Work instruction
From the listing that follows, output everything exactly except the pictures.

Data block
==========

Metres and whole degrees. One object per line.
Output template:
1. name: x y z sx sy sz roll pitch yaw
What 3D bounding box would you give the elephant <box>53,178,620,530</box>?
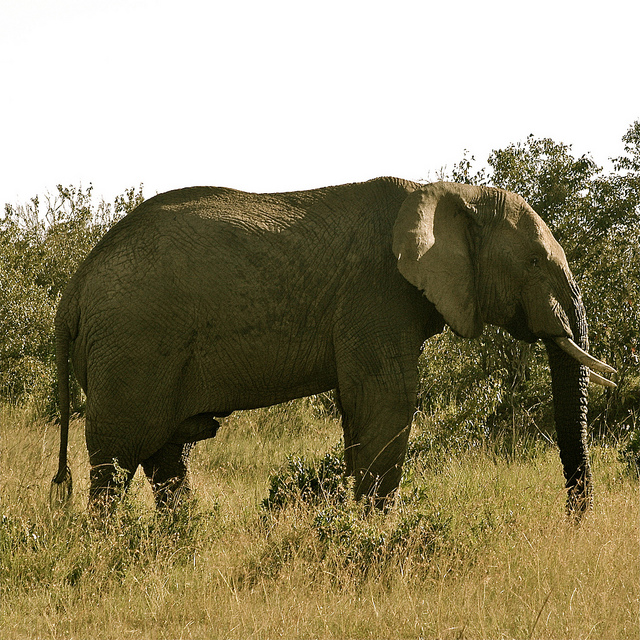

==========

Answer section
Metres and whole degrees. One object per line.
Output template:
1. name: x y z sx sy sz roll pitch yaw
What 3D bounding box would you give the elephant <box>53,178,620,530</box>?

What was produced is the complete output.